[Opening Record extracts section]

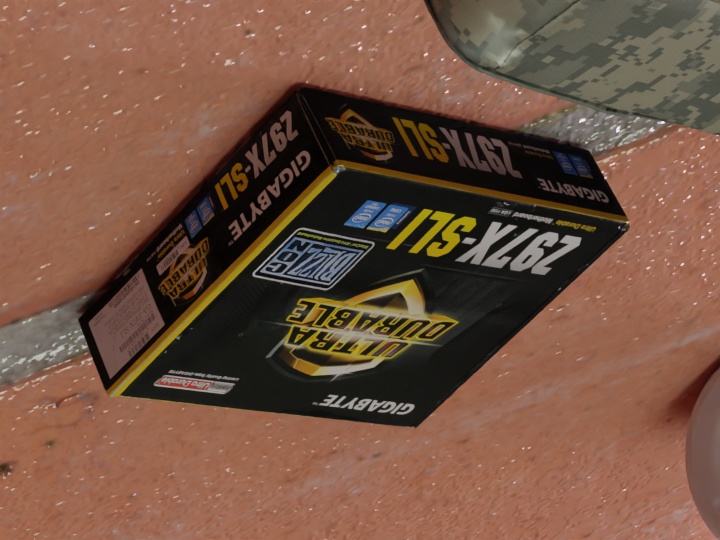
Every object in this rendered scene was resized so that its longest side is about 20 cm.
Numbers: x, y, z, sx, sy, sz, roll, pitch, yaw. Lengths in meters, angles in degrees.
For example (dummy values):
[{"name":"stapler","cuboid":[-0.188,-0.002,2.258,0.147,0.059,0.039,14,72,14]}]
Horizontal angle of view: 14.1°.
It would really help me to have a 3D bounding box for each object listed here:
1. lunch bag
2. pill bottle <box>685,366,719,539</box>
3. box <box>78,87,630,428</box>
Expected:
[{"name":"lunch bag","cuboid":[0.125,-0.152,1.027,0.199,0.140,0.168,13,139,-44]},{"name":"pill bottle","cuboid":[0.284,0.104,1.606,0.199,0.120,0.120,7,137,-45]},{"name":"box","cuboid":[0.000,0.000,1.278,0.200,0.049,0.160,10,133,-47]}]
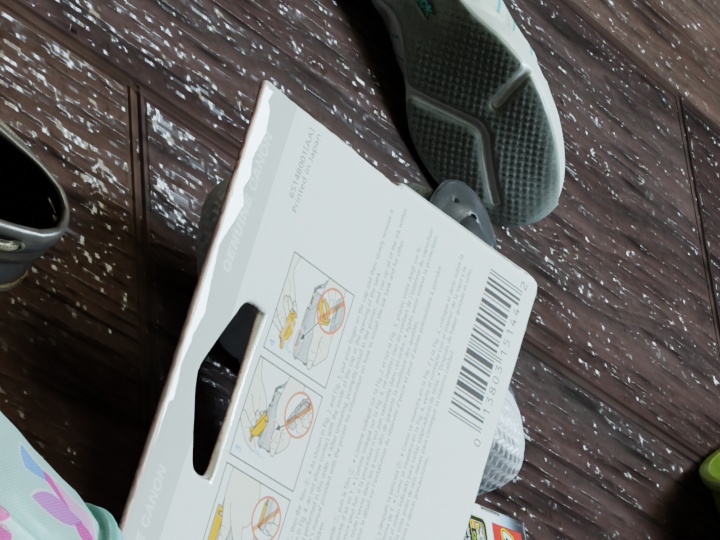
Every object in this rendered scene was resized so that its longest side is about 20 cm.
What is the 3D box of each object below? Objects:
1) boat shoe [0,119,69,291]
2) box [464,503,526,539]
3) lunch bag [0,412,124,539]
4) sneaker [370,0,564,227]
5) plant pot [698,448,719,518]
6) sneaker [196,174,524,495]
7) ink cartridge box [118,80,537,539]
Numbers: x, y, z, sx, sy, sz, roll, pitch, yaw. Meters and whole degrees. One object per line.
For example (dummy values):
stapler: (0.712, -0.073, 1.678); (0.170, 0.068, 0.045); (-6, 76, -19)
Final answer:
boat shoe: (-0.165, -0.061, 0.826); (0.200, 0.073, 0.075); (40, 37, -39)
box: (0.038, 0.184, 1.034); (0.110, 0.035, 0.201); (27, 47, -50)
lunch bag: (-0.144, 0.125, 0.639); (0.077, 0.160, 0.201); (44, 41, -26)
sneaker: (0.043, -0.117, 1.235); (0.201, 0.070, 0.080); (62, 26, -6)
plant pot: (0.285, 0.171, 1.334); (0.200, 0.199, 0.194); (-22, 100, -62)
sneaker: (0.000, 0.000, 1.071); (0.200, 0.075, 0.114); (48, 32, -41)
ink cartridge box: (-0.025, 0.061, 0.923); (0.176, 0.045, 0.201); (35, 66, -46)

[Closing Record extracts section]

Would you please output each record exactly, leaving the images out?

Every object in this rendered scene was resized so that its longest side is about 20 cm.
Numbers: x, y, z, sx, sy, sz, roll, pitch, yaw. Lengths in meters, angles in degrees.
For example (dummy values):
[{"name":"stapler","cuboid":[-0.188,-0.002,2.258,0.147,0.059,0.039,14,72,14]}]
Horizontal angle of view: 14.1°.
It would really help me to have a 3D bounding box for each object listed here:
1. lunch bag
2. pill bottle <box>685,366,719,539</box>
3. box <box>78,87,630,428</box>
Expected:
[{"name":"lunch bag","cuboid":[0.125,-0.152,1.027,0.199,0.140,0.168,13,139,-44]},{"name":"pill bottle","cuboid":[0.284,0.104,1.606,0.199,0.120,0.120,7,137,-45]},{"name":"box","cuboid":[0.000,0.000,1.278,0.200,0.049,0.160,10,133,-47]}]
Every object in this rendered scene was resized so that its longest side is about 20 cm.
What is the 3D box of each object below? Objects:
1) boat shoe [0,119,69,291]
2) box [464,503,526,539]
3) lunch bag [0,412,124,539]
4) sneaker [370,0,564,227]
5) plant pot [698,448,719,518]
6) sneaker [196,174,524,495]
7) ink cartridge box [118,80,537,539]
Numbers: x, y, z, sx, sy, sz, roll, pitch, yaw. Meters and whole degrees. One object per line.
For example (dummy values):
stapler: (0.712, -0.073, 1.678); (0.170, 0.068, 0.045); (-6, 76, -19)
Final answer:
boat shoe: (-0.165, -0.061, 0.826); (0.200, 0.073, 0.075); (40, 37, -39)
box: (0.038, 0.184, 1.034); (0.110, 0.035, 0.201); (27, 47, -50)
lunch bag: (-0.144, 0.125, 0.639); (0.077, 0.160, 0.201); (44, 41, -26)
sneaker: (0.043, -0.117, 1.235); (0.201, 0.070, 0.080); (62, 26, -6)
plant pot: (0.285, 0.171, 1.334); (0.200, 0.199, 0.194); (-22, 100, -62)
sneaker: (0.000, 0.000, 1.071); (0.200, 0.075, 0.114); (48, 32, -41)
ink cartridge box: (-0.025, 0.061, 0.923); (0.176, 0.045, 0.201); (35, 66, -46)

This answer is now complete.